For clarity in this post, when we refer to “RabbitMQ”, we mean Amazon MQ for RabbitMQ.
Prerequisites
The following prerequisites are necessary to complete this post:
- An Amazon Web Services (AWS) account
- Basic understanding of AWS networking concepts
- Familiarity with Amazon MQ for RabbitMQ
- Basic knowledge of Lambda
Furthermore, to enable setup of the discussed architectures, this post is accompanied by a GitHub repository that uses AWS Cloud Development Kit (AWS CDK).
Repository prerequisites
The following prerequisites are necessary for the repository:
- AWS Command Line Interface (AWS CLI)
- NodeJS/NPM
- AWS CDK v2
Repository setup
Clone the https://github.com/aws-samples/sample-amazonmq-rabbitmq-lambda-esm repository. This repository contains all the necessary code and instructions to create relevant architectures using AWS CDK.

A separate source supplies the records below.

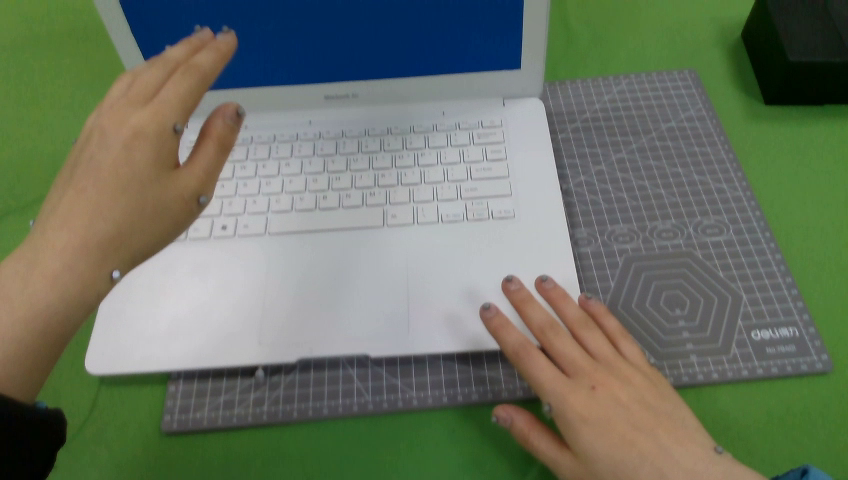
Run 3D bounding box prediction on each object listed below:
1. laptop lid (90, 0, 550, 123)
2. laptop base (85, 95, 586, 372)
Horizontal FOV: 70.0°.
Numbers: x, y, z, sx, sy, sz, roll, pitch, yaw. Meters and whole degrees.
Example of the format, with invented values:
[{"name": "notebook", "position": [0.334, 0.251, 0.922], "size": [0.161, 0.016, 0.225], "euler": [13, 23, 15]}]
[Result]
[{"name": "laptop lid", "position": [-0.080, -0.195, 0.460], "size": [0.357, 0.244, 0.013], "euler": [-5, 47, 3]}, {"name": "laptop base", "position": [-0.067, -0.015, 0.483], "size": [0.354, 0.023, 0.233], "euler": [-4, 59, 2]}]

Install dependencies and build
Install the necessary NPM dependencies by running the following commands:
Amazon MQ for RabbitMQ networking deployment options
Public accessibility is the primary networking differentiator when deploying a RabbitMQ broker in AWS. Although the broker operates in the Amazon MQ service account, the networking configuration varies based on this choice.
Public broker
When you deploy a publicly accessible broker, Amazon MQ provisions all networking components in the service account. The service provides a DNS name that resolves to an IP address of the Network Load Balancer (NLB) in that account. This configuration doesn’t support security groups. All security measures must be implemented through the RabbitMQ broker’s authentication and authorization mechanisms. The following diagram shows this communication flow.
Figure-1 DNS resolution of a public Amazon MQ for RabbitMQ broker.
Private broker
A private broker routes networking through a Amazon Virtual Private Cloud (Amazon VPC) in your account. Amazon MQ uses AWS PrivateLink to provision VPC Endpoints, which serve as entry points for broker communication.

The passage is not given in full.